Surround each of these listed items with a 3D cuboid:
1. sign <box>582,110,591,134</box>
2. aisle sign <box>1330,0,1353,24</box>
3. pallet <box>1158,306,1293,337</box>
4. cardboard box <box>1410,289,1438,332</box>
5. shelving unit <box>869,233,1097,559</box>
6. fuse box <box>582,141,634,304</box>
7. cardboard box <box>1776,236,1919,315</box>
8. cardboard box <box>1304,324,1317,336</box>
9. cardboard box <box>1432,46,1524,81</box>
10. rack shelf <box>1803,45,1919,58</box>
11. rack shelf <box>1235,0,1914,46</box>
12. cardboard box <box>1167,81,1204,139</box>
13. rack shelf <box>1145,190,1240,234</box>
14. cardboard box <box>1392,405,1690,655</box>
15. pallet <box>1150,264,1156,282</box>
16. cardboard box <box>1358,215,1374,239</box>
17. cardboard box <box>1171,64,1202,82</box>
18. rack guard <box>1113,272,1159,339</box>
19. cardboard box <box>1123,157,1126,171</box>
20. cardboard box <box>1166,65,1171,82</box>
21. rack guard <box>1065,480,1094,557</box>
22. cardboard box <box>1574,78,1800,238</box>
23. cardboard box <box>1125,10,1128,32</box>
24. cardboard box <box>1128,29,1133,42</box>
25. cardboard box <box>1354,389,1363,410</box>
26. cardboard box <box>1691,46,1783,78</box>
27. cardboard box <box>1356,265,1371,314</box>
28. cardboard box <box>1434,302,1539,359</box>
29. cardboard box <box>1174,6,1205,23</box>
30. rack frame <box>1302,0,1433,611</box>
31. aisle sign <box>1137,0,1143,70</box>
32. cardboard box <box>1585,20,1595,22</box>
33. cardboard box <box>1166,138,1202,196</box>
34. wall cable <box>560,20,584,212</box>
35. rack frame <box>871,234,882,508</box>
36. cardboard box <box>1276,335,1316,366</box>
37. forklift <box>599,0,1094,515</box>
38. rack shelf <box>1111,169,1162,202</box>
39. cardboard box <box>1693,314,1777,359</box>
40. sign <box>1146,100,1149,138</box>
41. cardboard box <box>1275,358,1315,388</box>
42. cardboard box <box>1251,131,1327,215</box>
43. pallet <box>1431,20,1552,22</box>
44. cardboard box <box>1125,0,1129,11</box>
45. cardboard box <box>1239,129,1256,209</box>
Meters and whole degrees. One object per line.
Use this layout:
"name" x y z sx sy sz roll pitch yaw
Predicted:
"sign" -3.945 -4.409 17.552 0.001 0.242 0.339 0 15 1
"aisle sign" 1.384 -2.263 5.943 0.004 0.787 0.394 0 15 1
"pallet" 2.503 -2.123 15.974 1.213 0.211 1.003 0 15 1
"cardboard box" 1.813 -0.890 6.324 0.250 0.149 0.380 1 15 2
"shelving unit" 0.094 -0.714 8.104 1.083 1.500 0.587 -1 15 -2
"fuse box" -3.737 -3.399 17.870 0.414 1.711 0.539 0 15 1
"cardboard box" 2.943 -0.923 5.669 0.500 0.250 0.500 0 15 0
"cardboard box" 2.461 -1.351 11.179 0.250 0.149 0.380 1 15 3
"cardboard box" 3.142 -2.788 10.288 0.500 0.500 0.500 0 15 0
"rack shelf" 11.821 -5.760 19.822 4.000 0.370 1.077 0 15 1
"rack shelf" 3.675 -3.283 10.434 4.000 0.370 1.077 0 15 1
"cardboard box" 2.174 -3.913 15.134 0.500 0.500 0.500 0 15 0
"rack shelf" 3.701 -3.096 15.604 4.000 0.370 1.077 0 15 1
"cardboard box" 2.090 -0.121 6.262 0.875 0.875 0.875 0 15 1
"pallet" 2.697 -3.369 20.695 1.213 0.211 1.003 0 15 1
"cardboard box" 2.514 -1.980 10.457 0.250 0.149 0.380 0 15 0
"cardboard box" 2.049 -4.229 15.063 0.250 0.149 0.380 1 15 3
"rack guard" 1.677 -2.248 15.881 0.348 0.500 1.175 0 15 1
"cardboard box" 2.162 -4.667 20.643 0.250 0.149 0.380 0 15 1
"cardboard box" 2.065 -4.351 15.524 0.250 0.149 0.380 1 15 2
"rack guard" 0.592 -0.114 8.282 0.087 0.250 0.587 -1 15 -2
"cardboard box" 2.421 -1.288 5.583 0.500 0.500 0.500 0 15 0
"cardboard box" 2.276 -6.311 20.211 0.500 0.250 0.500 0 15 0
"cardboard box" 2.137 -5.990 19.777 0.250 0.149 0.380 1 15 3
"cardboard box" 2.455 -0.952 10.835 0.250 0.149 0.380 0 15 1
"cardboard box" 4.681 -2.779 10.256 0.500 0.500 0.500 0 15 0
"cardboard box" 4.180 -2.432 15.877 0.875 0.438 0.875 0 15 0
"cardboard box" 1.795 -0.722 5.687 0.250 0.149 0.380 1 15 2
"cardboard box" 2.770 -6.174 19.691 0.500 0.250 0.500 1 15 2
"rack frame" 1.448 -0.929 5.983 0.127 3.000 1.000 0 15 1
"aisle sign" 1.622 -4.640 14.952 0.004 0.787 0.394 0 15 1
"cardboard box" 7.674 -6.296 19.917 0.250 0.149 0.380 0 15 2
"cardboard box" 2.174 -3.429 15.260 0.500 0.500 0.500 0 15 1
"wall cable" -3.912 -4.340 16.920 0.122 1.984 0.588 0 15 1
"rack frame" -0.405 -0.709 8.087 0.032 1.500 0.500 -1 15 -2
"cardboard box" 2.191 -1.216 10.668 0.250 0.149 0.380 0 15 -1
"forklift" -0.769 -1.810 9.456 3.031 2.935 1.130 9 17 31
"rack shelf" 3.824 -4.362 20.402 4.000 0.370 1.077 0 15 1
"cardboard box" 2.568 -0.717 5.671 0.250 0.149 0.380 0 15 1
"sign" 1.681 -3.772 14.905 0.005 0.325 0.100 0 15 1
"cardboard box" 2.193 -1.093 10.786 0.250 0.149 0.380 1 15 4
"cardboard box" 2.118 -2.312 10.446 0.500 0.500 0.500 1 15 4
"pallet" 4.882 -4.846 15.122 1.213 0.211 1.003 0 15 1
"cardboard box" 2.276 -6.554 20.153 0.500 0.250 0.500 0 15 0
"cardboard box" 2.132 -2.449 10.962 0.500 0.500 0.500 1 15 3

************

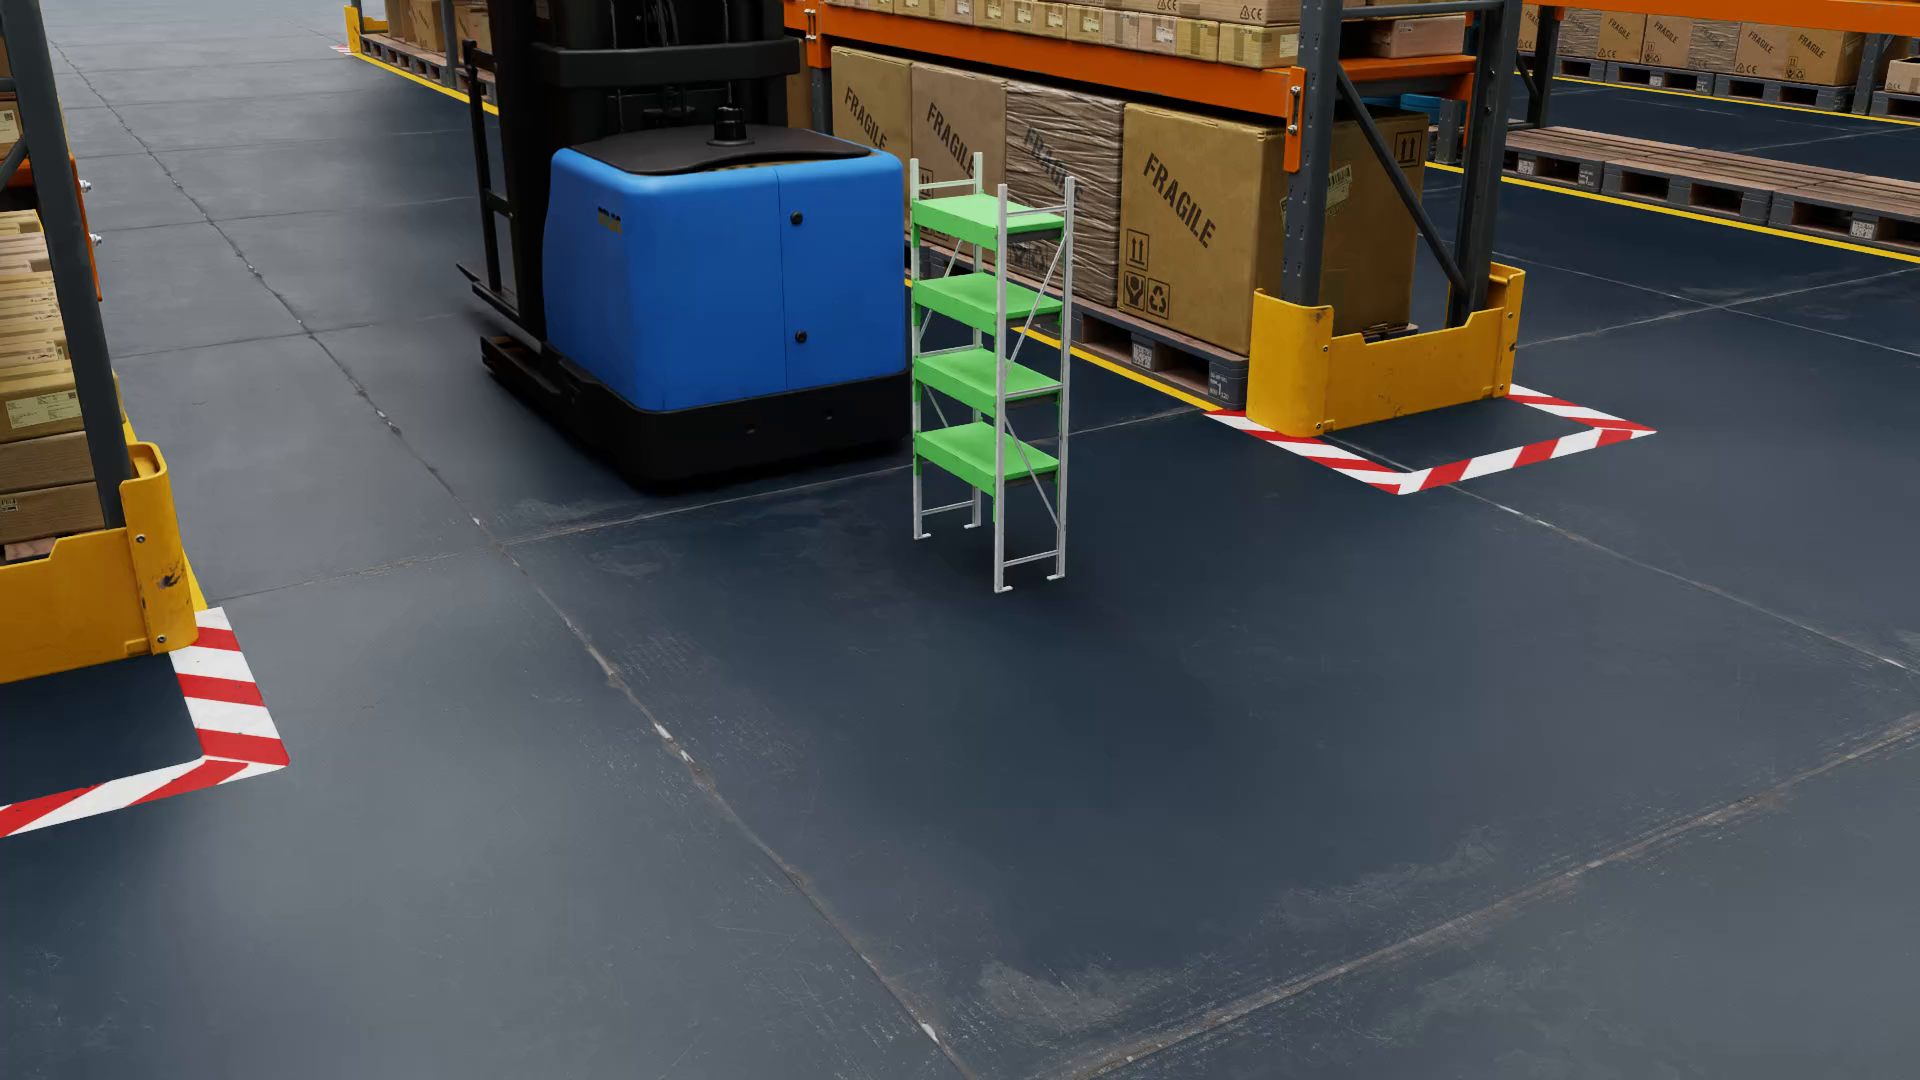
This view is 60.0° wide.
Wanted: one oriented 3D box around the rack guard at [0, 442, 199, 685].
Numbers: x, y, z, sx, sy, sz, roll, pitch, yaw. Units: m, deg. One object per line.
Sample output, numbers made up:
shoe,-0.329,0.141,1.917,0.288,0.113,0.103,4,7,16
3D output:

************

• _Problem_: Where the data above reaches the line holding "Surround each of", begin printing, and stop after the line holding "35. rack frame <box>871,234,882,508</box>". Each line must be reproduced exactly, with nothing else added.

• _Task output_:
Surround each of these listed items with a 3D cuboid:
1. sign <box>582,110,591,134</box>
2. aisle sign <box>1330,0,1353,24</box>
3. pallet <box>1158,306,1293,337</box>
4. cardboard box <box>1410,289,1438,332</box>
5. shelving unit <box>869,233,1097,559</box>
6. fuse box <box>582,141,634,304</box>
7. cardboard box <box>1776,236,1919,315</box>
8. cardboard box <box>1304,324,1317,336</box>
9. cardboard box <box>1432,46,1524,81</box>
10. rack shelf <box>1803,45,1919,58</box>
11. rack shelf <box>1235,0,1914,46</box>
12. cardboard box <box>1167,81,1204,139</box>
13. rack shelf <box>1145,190,1240,234</box>
14. cardboard box <box>1392,405,1690,655</box>
15. pallet <box>1150,264,1156,282</box>
16. cardboard box <box>1358,215,1374,239</box>
17. cardboard box <box>1171,64,1202,82</box>
18. rack guard <box>1113,272,1159,339</box>
19. cardboard box <box>1123,157,1126,171</box>
20. cardboard box <box>1166,65,1171,82</box>
21. rack guard <box>1065,480,1094,557</box>
22. cardboard box <box>1574,78,1800,238</box>
23. cardboard box <box>1125,10,1128,32</box>
24. cardboard box <box>1128,29,1133,42</box>
25. cardboard box <box>1354,389,1363,410</box>
26. cardboard box <box>1691,46,1783,78</box>
27. cardboard box <box>1356,265,1371,314</box>
28. cardboard box <box>1434,302,1539,359</box>
29. cardboard box <box>1174,6,1205,23</box>
30. rack frame <box>1302,0,1433,611</box>
31. aisle sign <box>1137,0,1143,70</box>
32. cardboard box <box>1585,20,1595,22</box>
33. cardboard box <box>1166,138,1202,196</box>
34. wall cable <box>560,20,584,212</box>
35. rack frame <box>871,234,882,508</box>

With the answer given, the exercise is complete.